### Action item:
Go through the listing beneath and show each line containing the string "units".

### Data to use:
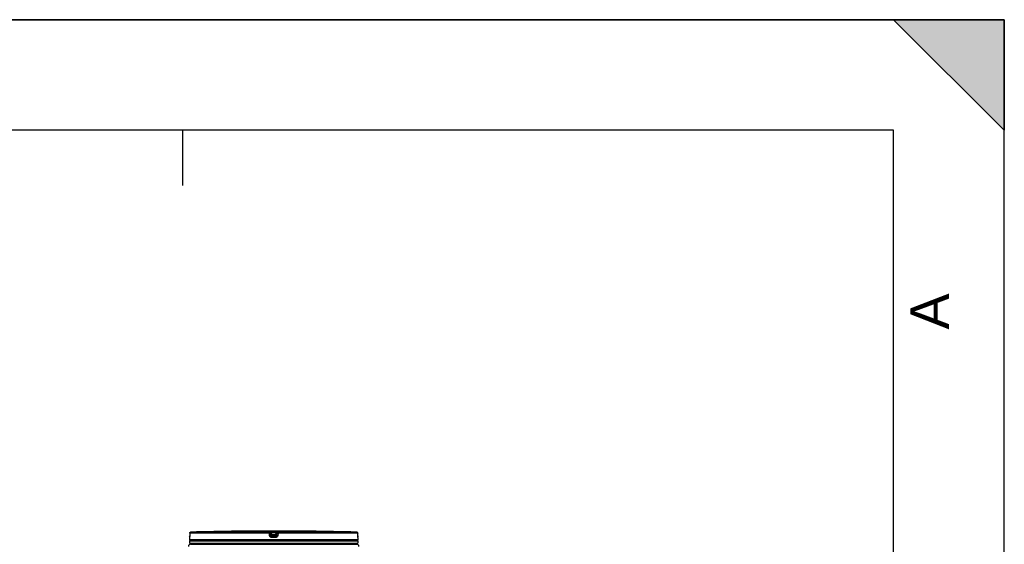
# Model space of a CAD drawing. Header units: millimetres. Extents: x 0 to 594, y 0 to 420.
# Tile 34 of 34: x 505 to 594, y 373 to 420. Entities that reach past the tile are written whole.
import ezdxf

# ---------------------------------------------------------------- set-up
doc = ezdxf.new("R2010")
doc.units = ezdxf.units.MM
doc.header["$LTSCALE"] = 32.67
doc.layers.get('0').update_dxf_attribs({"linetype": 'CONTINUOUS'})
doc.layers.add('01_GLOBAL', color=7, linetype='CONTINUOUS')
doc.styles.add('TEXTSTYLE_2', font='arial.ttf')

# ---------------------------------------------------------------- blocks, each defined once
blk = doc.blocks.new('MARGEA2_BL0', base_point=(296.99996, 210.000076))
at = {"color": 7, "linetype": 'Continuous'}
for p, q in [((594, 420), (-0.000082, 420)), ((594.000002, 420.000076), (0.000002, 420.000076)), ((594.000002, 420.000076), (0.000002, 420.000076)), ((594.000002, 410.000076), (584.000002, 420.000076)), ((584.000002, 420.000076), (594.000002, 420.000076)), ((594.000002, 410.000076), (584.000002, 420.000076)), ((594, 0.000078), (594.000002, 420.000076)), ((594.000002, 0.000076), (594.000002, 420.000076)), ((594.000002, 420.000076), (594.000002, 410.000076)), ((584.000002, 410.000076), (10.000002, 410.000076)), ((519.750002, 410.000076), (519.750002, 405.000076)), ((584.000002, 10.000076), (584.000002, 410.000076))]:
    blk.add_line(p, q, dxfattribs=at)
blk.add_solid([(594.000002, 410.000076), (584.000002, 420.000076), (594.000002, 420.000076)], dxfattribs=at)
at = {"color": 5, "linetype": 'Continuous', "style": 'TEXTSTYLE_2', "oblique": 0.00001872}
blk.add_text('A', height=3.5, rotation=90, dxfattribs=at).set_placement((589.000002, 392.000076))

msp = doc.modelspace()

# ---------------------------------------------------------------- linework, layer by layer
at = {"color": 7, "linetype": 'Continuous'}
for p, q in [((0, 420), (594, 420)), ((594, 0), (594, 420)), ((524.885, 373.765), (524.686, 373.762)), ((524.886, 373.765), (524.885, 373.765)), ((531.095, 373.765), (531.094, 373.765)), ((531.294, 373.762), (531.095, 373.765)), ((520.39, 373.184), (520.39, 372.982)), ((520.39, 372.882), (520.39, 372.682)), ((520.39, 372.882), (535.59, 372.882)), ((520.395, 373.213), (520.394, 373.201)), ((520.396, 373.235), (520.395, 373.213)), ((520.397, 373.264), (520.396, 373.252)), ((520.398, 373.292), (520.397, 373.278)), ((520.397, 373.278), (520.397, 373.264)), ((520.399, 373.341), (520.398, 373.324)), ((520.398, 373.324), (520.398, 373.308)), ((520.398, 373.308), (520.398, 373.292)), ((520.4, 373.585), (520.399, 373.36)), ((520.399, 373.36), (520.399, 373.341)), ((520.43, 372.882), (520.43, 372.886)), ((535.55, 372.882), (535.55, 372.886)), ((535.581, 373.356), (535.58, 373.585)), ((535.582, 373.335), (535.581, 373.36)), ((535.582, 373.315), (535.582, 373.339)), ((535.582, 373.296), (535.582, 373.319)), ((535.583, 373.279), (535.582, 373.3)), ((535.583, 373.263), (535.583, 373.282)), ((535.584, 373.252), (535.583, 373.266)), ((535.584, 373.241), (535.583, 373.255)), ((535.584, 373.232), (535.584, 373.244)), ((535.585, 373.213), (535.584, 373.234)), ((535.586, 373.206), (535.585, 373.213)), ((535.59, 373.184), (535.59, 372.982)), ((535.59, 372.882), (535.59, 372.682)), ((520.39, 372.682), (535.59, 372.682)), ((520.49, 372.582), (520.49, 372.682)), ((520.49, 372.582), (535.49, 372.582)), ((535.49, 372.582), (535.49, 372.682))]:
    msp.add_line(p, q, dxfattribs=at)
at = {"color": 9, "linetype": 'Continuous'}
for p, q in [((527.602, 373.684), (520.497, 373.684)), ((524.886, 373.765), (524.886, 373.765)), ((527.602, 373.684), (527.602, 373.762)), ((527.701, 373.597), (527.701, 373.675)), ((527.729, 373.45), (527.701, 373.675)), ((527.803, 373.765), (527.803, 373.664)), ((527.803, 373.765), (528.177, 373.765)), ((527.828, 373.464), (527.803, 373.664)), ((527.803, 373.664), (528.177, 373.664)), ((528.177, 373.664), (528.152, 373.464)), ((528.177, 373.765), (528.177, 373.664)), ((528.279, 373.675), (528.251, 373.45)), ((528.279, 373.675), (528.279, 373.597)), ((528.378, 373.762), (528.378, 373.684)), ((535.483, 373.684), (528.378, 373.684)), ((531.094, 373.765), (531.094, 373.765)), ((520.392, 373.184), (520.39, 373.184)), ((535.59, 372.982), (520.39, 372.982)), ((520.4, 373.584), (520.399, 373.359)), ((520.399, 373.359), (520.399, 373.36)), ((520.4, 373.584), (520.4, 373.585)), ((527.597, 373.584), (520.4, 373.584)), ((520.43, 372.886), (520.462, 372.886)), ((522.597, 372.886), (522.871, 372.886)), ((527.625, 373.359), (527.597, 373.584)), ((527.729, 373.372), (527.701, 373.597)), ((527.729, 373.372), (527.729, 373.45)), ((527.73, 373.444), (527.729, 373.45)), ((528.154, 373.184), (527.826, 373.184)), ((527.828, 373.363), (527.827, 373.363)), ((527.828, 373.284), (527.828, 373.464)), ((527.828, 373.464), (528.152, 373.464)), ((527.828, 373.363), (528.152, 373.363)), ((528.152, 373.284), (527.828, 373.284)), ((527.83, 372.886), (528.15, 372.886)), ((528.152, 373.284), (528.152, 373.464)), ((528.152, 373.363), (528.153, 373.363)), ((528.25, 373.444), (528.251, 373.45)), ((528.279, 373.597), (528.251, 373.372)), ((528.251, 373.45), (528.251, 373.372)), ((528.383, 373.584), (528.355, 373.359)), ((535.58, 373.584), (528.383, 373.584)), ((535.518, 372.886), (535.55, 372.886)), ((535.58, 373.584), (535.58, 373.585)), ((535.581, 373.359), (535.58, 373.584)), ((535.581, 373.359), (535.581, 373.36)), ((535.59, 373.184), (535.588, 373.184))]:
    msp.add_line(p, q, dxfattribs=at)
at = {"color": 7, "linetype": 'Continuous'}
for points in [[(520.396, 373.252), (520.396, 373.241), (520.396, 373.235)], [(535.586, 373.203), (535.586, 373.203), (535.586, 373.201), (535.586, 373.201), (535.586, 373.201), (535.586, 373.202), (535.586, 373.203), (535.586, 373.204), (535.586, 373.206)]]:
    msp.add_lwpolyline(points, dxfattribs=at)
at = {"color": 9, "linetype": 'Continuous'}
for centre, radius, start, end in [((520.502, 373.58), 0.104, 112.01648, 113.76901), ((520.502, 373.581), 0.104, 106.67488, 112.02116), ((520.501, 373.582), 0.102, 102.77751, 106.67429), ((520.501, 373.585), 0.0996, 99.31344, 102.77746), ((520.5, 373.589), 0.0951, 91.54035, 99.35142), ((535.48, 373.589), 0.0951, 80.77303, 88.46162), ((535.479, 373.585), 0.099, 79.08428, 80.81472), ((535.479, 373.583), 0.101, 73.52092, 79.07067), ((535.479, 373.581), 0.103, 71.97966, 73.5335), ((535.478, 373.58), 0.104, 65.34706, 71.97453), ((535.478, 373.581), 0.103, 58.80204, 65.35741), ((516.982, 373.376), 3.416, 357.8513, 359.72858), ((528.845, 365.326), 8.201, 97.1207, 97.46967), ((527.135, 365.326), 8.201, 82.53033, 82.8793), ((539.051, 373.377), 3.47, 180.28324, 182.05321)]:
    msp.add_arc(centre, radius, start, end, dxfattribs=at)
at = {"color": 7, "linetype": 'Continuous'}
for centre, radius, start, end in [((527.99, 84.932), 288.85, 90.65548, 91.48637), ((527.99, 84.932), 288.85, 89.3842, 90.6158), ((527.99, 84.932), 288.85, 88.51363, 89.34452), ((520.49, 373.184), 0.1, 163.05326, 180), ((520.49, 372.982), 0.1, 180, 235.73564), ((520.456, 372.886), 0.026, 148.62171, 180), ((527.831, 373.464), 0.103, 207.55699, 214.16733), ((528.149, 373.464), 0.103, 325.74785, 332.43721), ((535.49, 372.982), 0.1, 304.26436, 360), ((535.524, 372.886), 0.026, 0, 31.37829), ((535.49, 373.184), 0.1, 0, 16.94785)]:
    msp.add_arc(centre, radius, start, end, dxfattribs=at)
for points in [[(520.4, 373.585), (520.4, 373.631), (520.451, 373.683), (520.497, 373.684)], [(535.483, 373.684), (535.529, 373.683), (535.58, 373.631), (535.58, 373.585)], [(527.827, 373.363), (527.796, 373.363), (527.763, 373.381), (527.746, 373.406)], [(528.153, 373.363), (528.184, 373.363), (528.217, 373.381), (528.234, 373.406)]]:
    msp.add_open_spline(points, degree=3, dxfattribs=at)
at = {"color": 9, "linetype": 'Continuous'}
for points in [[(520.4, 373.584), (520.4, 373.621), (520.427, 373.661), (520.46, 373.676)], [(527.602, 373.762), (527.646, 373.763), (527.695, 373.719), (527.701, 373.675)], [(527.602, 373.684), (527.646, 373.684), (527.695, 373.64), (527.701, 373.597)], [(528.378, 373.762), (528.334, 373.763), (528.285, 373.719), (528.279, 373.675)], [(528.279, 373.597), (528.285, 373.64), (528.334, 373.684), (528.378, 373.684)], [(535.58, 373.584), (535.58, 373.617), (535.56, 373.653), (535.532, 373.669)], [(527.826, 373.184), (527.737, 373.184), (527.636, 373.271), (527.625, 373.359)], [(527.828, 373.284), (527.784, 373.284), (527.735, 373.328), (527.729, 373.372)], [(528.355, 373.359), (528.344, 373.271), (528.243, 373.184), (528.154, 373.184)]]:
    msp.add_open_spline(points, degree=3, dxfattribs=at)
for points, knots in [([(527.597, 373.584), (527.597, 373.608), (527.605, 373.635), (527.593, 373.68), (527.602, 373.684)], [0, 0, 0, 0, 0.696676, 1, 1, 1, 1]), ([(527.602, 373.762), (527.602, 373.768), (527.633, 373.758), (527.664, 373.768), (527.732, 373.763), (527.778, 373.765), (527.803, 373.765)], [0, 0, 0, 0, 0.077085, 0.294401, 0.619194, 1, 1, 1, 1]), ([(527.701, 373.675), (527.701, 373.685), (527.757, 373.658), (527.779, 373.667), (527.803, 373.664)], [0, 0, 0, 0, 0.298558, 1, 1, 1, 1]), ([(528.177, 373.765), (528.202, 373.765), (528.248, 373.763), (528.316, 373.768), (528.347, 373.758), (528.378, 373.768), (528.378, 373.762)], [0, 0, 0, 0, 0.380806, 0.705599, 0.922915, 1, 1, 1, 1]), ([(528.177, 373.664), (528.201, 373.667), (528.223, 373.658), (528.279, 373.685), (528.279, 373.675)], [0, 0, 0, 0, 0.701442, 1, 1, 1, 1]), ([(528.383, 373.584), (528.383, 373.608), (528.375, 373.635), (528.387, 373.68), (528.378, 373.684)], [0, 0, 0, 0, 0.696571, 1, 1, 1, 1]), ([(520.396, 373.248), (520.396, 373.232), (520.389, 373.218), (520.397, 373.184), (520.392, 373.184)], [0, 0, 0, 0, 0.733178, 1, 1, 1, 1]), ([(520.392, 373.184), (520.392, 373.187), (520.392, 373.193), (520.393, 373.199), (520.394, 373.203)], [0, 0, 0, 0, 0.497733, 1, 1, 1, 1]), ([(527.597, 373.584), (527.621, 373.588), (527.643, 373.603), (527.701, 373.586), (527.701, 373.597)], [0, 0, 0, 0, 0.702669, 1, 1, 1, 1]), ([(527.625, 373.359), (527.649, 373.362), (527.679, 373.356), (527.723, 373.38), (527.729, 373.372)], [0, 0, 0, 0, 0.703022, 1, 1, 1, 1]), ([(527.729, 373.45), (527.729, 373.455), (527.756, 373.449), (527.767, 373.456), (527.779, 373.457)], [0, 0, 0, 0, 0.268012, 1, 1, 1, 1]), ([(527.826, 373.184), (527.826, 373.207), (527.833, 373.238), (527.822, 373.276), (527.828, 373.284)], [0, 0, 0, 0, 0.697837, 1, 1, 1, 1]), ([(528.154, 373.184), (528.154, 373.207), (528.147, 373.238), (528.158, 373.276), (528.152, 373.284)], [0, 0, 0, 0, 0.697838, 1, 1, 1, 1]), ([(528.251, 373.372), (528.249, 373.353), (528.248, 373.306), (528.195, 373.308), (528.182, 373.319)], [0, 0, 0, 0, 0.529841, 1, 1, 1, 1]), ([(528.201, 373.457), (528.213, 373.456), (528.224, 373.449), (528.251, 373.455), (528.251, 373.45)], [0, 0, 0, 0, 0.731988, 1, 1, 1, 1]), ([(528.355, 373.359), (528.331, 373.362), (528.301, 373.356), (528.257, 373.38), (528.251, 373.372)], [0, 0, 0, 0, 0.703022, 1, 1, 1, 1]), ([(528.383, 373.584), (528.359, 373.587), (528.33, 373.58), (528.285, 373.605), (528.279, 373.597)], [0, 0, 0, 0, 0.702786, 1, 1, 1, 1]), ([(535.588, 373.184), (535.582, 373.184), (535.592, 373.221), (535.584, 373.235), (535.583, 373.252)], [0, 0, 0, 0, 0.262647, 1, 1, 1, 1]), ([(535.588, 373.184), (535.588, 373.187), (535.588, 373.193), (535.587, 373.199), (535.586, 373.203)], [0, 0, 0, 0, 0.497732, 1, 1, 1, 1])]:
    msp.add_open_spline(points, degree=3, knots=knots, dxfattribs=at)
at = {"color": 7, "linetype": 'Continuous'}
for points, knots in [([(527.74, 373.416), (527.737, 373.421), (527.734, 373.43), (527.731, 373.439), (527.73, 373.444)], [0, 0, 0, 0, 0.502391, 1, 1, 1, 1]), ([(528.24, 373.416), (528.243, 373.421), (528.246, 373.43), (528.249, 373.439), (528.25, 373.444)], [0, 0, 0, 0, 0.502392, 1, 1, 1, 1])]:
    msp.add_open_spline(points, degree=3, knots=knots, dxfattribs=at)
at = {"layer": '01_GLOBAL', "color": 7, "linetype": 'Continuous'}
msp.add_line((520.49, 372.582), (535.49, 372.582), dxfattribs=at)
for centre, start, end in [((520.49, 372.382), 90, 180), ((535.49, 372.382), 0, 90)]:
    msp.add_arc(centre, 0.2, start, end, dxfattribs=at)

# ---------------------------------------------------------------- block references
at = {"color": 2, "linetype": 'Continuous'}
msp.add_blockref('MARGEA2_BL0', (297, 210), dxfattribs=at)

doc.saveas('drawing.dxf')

### Result:
# Model space of a CAD drawing. Header units: millimetres. Extents: x 0 to 594, y 0 to 420.
doc.units = ezdxf.units.MM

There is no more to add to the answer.